Key insight: Calories determine weight change. Macros determine body composition — the ratio of muscle to fat you carry at any given weight.
Step 1: Calculate your TDEE
Before setting macro targets, you need your total daily calorie goal. This starts with your TDEE — the calories you burn in a typical day.
Get your TDEE and macro targets in one step
EKCal's macro calculator gives you personalised protein, carb, and fat targets based on your body and goal.
Use the free macro calculator →Step 2: Set your calorie target based on your goal
- Lose fat: eat 300–500 kcal below TDEE
- Maintain weight: eat at TDEE
- Build muscle: eat 200–300 kcal above TDEE
Step 3: Set your macro split
Once you have your calorie target, divide it into macros. Here are evidence-based starting points for each goal:
For fat loss
- Protein: 35% of calories (high protein preserves muscle in a deficit)
- Carbs: 35% of calories
- Fat: 30% of calories
For maintenance
- Protein: 25% of calories
- Carbs: 45% of calories
- Fat: 30% of calories
For muscle building
- Protein: 30% of calories
- Carbs: 45% of calories (carbs fuel training performance)
- Fat: 25% of calories
Step 4: Convert percentages to grams
Since food labels show grams, you need to convert. Here's how:
- Protein grams = (calories × protein%) ÷ 4
- Carb grams = (calories × carb%) ÷ 4
- Fat grams = (calories × fat%) ÷ 9
Example: A 2,000 kcal fat loss diet at 35/35/30 gives you 175g protein, 175g carbs, and 67g fat per day.

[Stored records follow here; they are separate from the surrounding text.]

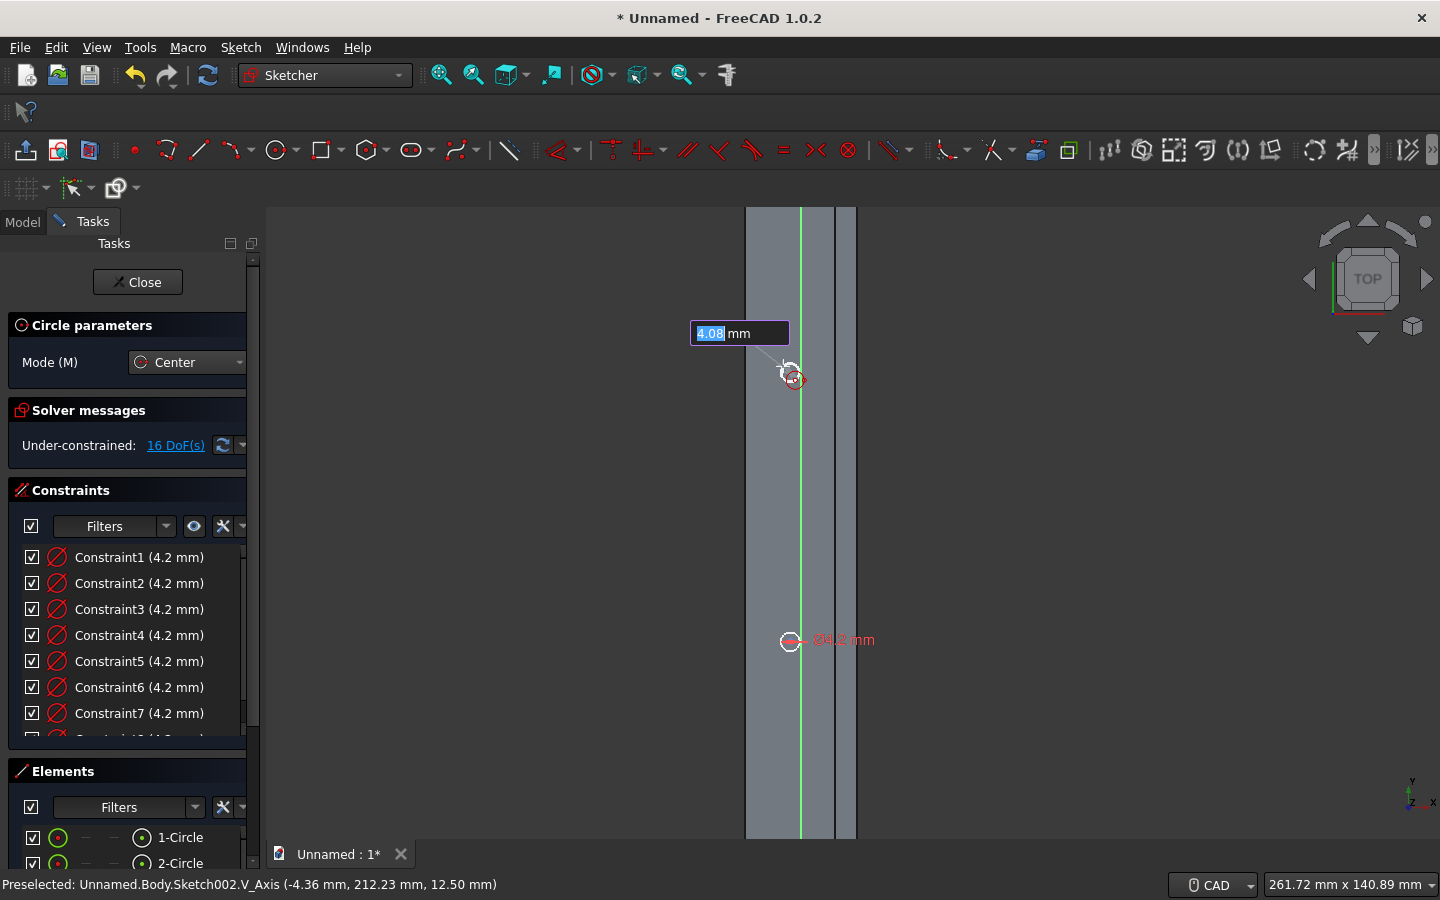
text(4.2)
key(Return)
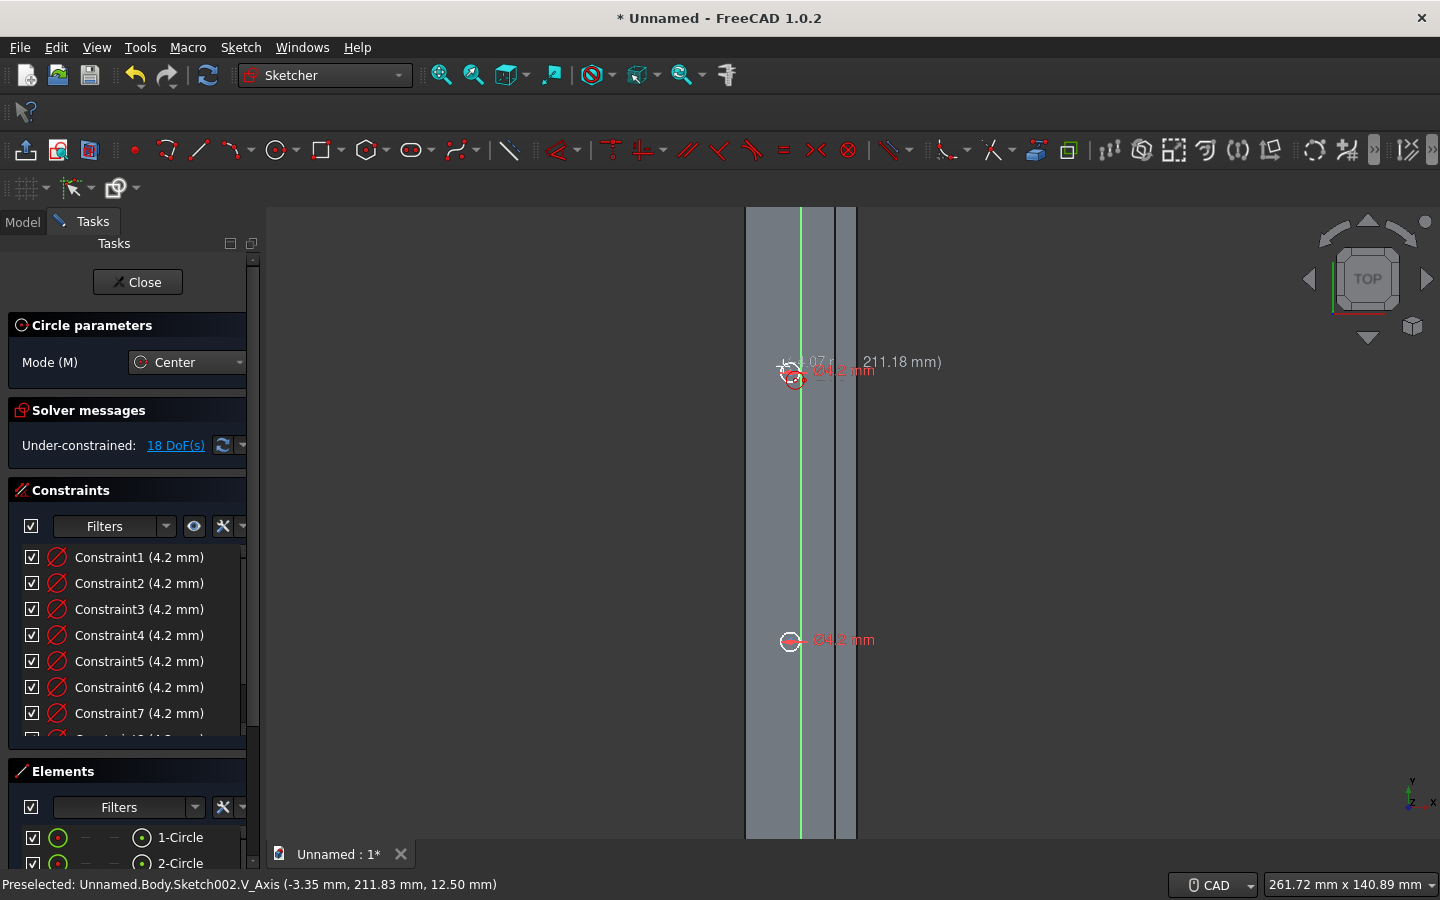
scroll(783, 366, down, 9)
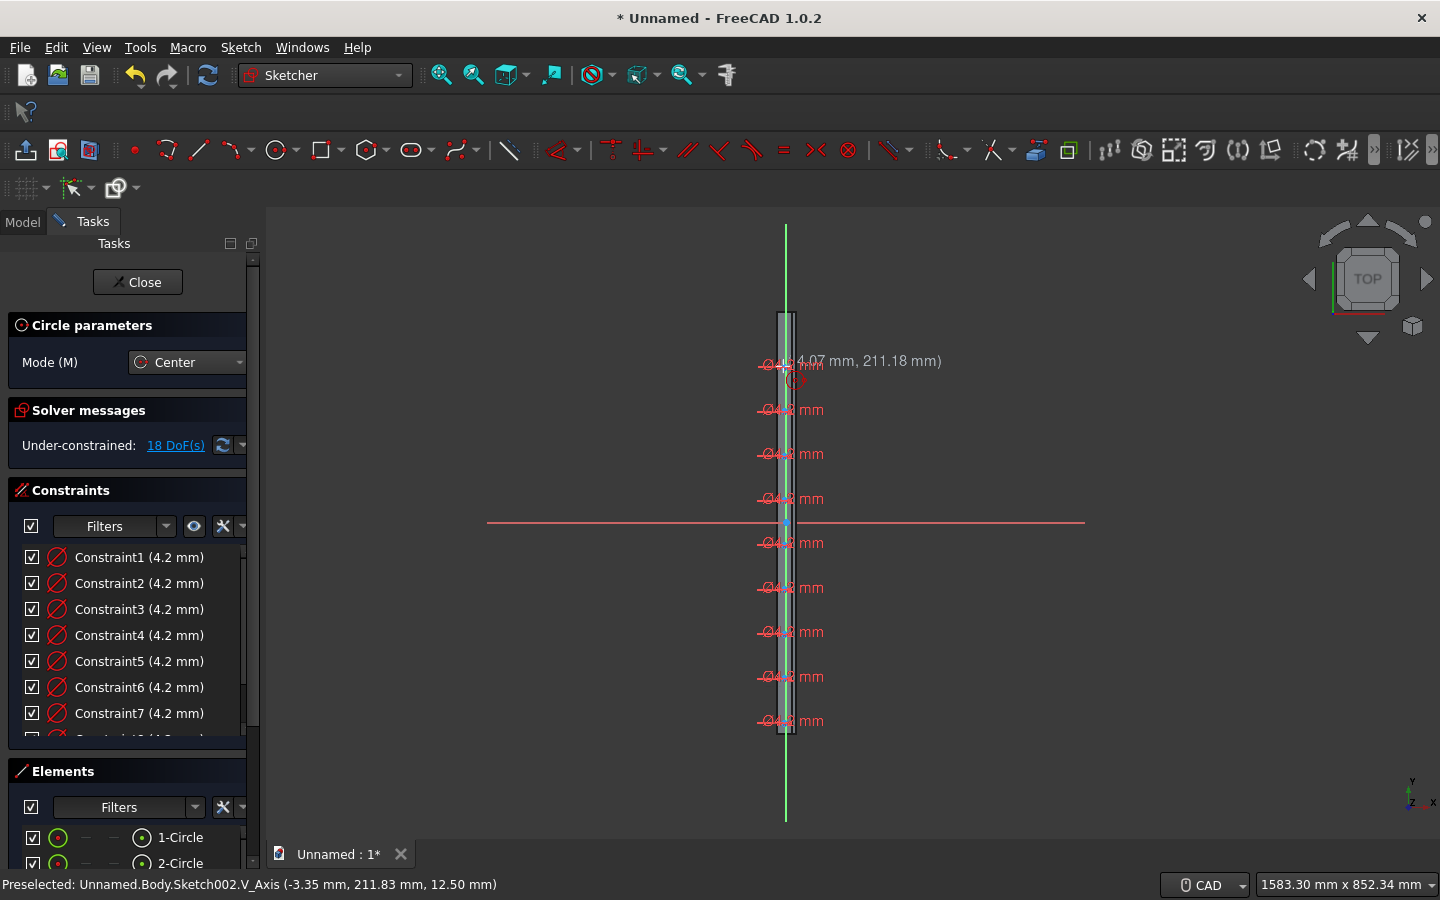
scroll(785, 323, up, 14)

How much protein do I really need?
Protein is the macro most people don't eat enough of. For body composition goals, research consistently supports:
- General health: 0.8g per kg of bodyweight (the minimum, not the optimum)
- Fat loss: 1.6–2.2g per kg of bodyweight — higher intake better preserves muscle
- Muscle building: 1.6–2.2g per kg of bodyweight — more than this offers diminishing returns
If you weigh 75 kg and are trying to lose fat, aim for 120–165g of protein per day. It sounds like a lot at first, but becomes straightforward once you know your high-protein food sources.
High protein food sources
- Chicken breast: ~31g protein per 100g
- Canned tuna: ~25g protein per 100g
- Greek yoghurt (low fat): ~10g protein per 100g
- Eggs: ~6g protein per egg
- Cottage cheese: ~11g protein per 100g
- Lentils (cooked): ~9g protein per 100g
- Tofu (firm): ~8g protein per 100g
Do I need to track macros forever?
No. Most people track actively for 4–12 weeks to build awareness of what's in their food, then move to a looser approach using rough portions and food knowledge. The goal is to develop intuition, not lifelong dependence on an app.
Many people find that even a few weeks of tracking permanently changes how they eat — they develop a much clearer sense of protein content and portion sizes without needing to weigh everything.
Practical tips for beginners
Start with protein only
If full macro tracking feels overwhelming, just track protein first. Getting enough protein is the highest-leverage change most people can make. Once that's consistent, add carb and fat tracking if needed.
Prep repeatable meals
The hardest part of hitting macros is meal variety. Having 3–5 reliable high-protein meals you rotate through removes most of the cognitive load.
Don't aim for perfection daily
Being within 10% of your targets consistently is far more valuable than hitting them perfectly some days and missing badly others. Aim for a weekly average rather than daily perfection.
Use a food tracking app
Apps like MyFitnessPal or Cronometer have large food databases and make logging fast once you're familiar with what you eat regularly. Most people spend less than 5 minutes per day tracking once they're used to it.
Key takeaways
- Macros are protein, carbs, and fat — the three sources of all dietary calories.
- Calories determine weight change; macros determine body composition.
- Protein is the most important macro for most body composition goals — most people don't eat enough.
- Start by calculating your TDEE, set a calorie target for your goal, then divide into macros.
- You don't need to track forever — a few weeks builds lasting nutritional awareness.